Acetylcholine receptor (AChR) loss is exacerbated in Daf1^–/–CD59a^–/– mice. Muscle sections were stained with α-bungarotoxin–rhodamine and imaged. Twenty fields were captured for each muscle analysed. Representative fields for wild-type (a), Daf1^–/–CD59a^–/– (b), Cd59a^–/– (c) and Daf1^–/– (d) mice are shown. Plate (e) is a representative section for Daf1^–/–Cd59a^–/– mice treated with anti-C5 monoclonal antibody (mAb). Arrows indicate positive areas. Magnification × 200. The area occupied by α-bungarotoxin-positive end-plates was measured automatically using the density-slicing feature of the Openlab software and the mean value from 20 fields for each mouse calculated. (f) Mean of these means ± standard deviation (s.d.) (n = 5) for the first experiment comparing each of the four mouse strains used; end-plate area was reduced significantly in Daf1^–/–Cd59a^–/– mice compared to all other groups (only comparisons with wild-type are shown for clarity). (g) Means of means for the second experiment, testing effects of C5 inhibition in Daf1^–/–Cd59a^–/– mice; end-plate area was preserved by anti-C5 treatment. *P < 0·05; **P < 0·01.

Fig. 4

Complement (C) activation is present at the end-plate in experimental autoimmune myasthenia gravis (EAMG).

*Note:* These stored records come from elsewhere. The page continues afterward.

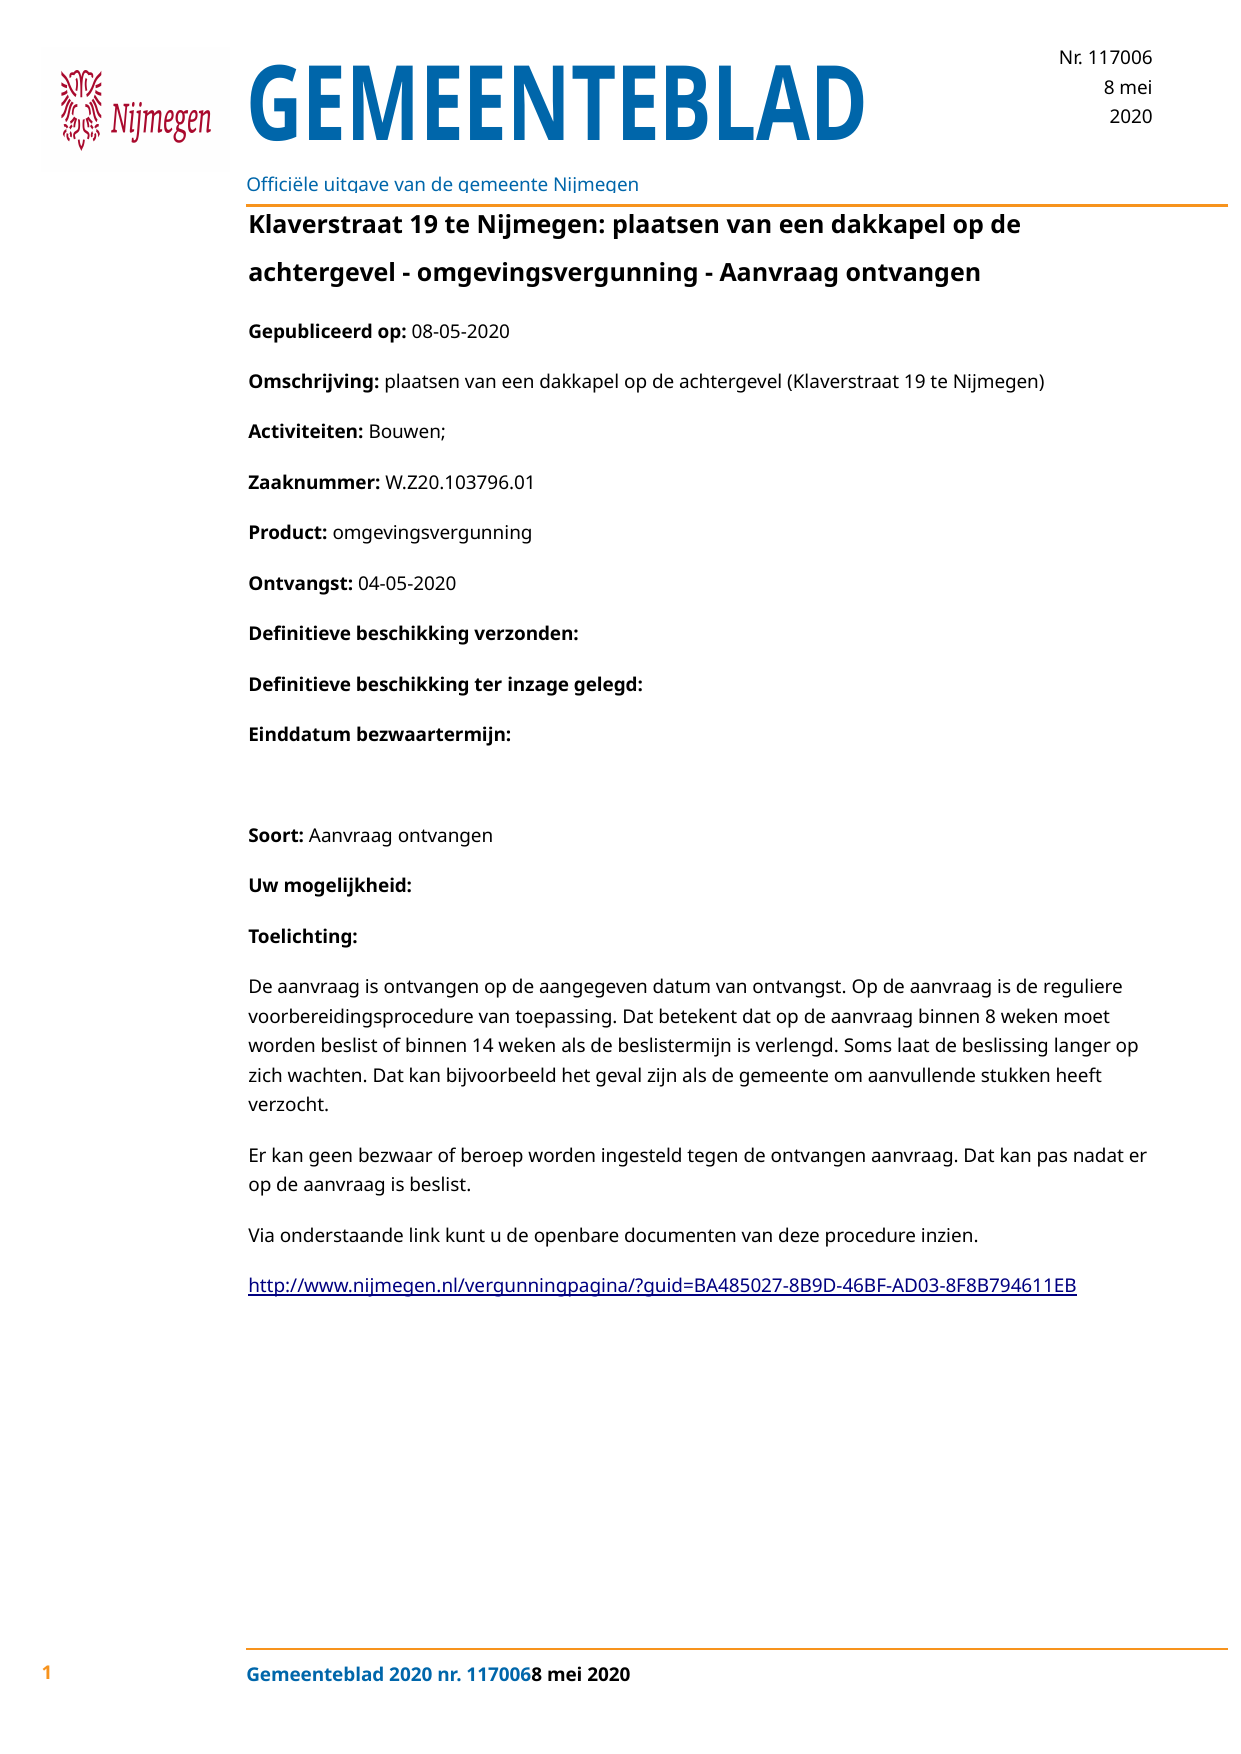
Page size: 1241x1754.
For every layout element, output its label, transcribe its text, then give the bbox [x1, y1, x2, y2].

text Klaverstraat 19 te Nijmegen: plaatsen van een dakkapel op de achtergevel - omgevingsvergunning - Aanvraag ontvangen [248, 207, 1152, 288]
text Toelichting: [248, 923, 1152, 949]
text De aanvraag is ontvangen op de aangegeven datum van ontvangst. Op de aanvraag is de reguliere voorbereidingsprocedure van toepassing. Dat betekent dat op de aanvraag binnen 8 weken moet worden beslist of binnen 14 weken als de beslistermijn is verlengd. Soms laat de beslissing langer op zich wachten. Dat kan bijvoorbeeld het geval zijn als de gemeente om aanvullende stukken heeft verzocht. [248, 973, 1152, 1117]
text Product: omgevingsvergunning [248, 519, 1152, 545]
text Soort: Aanvraag ontvangen [248, 822, 1152, 848]
picture [41, 47, 231, 172]
text Ontvangst: 04-05-2020 [248, 570, 1152, 596]
text http://www.nijmegen.nl/vergunningpagina/?guid=BA485027-8B9D-46BF-AD03-8F8B794611EB [248, 1272, 1152, 1298]
text Einddatum bezwaartermijn: [248, 721, 1152, 747]
text Definitieve beschikking verzonden: [248, 620, 1152, 646]
text Er kan geen bezwaar of beroep worden ingesteld tegen de ontvangen aanvraag. Dat kan pas nadat er op de aanvraag is beslist. [248, 1142, 1152, 1197]
text Definitieve beschikking ter inzage gelegd: [248, 671, 1152, 697]
text Via onderstaande link kunt u de openbare documenten van deze procedure inzien. [248, 1222, 1152, 1248]
text Uw mogelijkheid: [248, 872, 1152, 898]
text Gepubliceerd op: 08-05-2020 [248, 318, 1152, 344]
text Zaaknummer: W.Z20.103796.01 [248, 469, 1152, 495]
text Omschrijving: plaatsen van een dakkapel op de achtergevel (Klaverstraat 19 te Nijmegen) [248, 368, 1152, 394]
text Activiteiten: Bouwen; [248, 419, 1152, 444]

Muscle sections were stained for C3b (a–e) or C9/MAC (f–j) and double-stained with rhodamine–bungarotoxin (example in k,l). Representative fields for wild-type (a,f), Daf1^–/– (b,g), Cd59a^–/– (c,h) and Daf1^–/–CD59a^–/– (d,i) mice are shown. Plates (e,j) are representative sections for Daf1^–/–Cd59a^–/– mice treated with anti-C5 monoclonal antibody (mAb). Arrows indicate C3b/C9-positive bungarotoxin-positive end-plates. Magnification × 200; plates k,l × 1000.

Fig. 5

Muscle inflammation is exacerbated in Daf1^–/–CD59a^–/– mice. Muscle sections were stained with haematoxylin and eosin to identify inflammatory cell infiltrates. Representative fields for wild-type (a), Daf1^–/– (b), Cd59a^–/– (c) and Daf1^–/–CD59a^–/– (d) mice are shown. Plate (e) is a representative section from Daf1^–/–CD59a^–/– mice treated with anti-C5. Multiple sections were scored as described in Methods and the mean inflammatory score for each animal calculated. Plate (f) shows the summed data for each set in experiment 1; columns represent means of means and lines show standard deviations (n = 5 for each group). Plate (g) shows summed data for experiment 2 represented on the same scale as (f). For experiment 2, only four animals were analysed per group because of technical difficulties that rendered tissue from one animal unusable in the study. Here, too, columns represent means and lines show standard deviations. Magnification × 100. *P < 0·05; **P < 0·01.